Hace un tiempo salió el rumor de que se iba a hacer una película con el libro. Nunca se estuvo a punto de hacer esa peli. Podría suceder un día de estos.

¿Quién haría de usted? Eso es jodido, porque… no sé, ¿quién crees?

Usted mismo no lo haría mal. Soy demasiado viejo ahora para hacer de mí. Pero, oye, me estoy interpretando a mí ahora mismo. ¿Cómo voy?

Lo hace genial. Lo sé.

Casi tan bien como en esa escena de la serie Love, producida por Judd Apatow, en la que aparece tocando Jet, de Wings. Maravillosa canción.

Y también rodó una escena para Si fuera fácil, dirigida por Apatow, y luego este le sacó del montaje final, ¿verdad? Sí. A ver, antes de que me pregunte: me lo pasé muy bien, rodé una escena con Paul Rudd y, bueno, todo lo que no sea mi típico día en la oficina siempre me parece bien. Pero, bueno, usted me ha visto actuar y sabe que lo mío es la música.

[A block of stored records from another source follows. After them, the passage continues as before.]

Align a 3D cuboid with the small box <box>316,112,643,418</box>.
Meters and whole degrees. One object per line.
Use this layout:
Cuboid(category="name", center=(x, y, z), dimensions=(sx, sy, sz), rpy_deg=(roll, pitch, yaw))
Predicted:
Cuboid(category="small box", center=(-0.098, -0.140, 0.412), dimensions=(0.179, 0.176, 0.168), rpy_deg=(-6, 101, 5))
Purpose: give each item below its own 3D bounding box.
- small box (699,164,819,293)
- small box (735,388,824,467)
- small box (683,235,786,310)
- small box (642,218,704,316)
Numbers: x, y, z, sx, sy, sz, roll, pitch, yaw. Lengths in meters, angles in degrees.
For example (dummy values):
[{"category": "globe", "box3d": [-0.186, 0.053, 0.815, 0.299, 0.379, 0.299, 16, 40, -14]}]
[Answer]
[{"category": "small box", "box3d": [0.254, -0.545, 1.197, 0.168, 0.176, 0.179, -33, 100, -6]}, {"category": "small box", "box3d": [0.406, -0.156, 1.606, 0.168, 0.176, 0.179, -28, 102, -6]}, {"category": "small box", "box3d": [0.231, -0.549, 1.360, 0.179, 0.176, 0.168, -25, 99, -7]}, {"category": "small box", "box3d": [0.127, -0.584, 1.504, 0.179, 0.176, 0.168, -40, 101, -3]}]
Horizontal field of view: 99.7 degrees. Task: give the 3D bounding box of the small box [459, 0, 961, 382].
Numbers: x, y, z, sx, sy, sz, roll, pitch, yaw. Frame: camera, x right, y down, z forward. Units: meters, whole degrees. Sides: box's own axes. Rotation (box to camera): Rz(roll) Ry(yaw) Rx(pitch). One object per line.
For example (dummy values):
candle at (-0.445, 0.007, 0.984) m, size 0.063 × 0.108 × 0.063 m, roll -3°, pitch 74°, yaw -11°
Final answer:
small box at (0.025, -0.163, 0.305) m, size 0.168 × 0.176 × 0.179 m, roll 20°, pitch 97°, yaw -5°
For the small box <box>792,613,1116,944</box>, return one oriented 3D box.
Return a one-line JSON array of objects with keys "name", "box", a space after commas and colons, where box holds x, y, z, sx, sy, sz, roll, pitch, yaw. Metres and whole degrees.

¿Le atrajo alguna vez el estilo de vida del rock? No soy exactamente Mötley Crüe. Aunque eso hubiese sido gracioso.

¿Cómo es vivir hoy en EE. UU.? Una pesadilla. Nos sentimos jodidos y molestos en mi barrio de Los Ángeles, pero me da que existen muchas otras partes de mi país donde la gente no se siente ni por asomo igual que nosotros.

¿Se ve grabando temas abiertamente políticos? Nunca he sido fan de la política en la música. Creo que Lennon era mucho mejor cantando sobre su madre que diciendo cosas tipo «dale poder al pueblo». Intento no hacerlo.

¿Es verdad que visitó la casa donde creció Lennon y se puso a cantar canciones de los Rolling Stones? Sí. Me gustó más la casa de Ringo.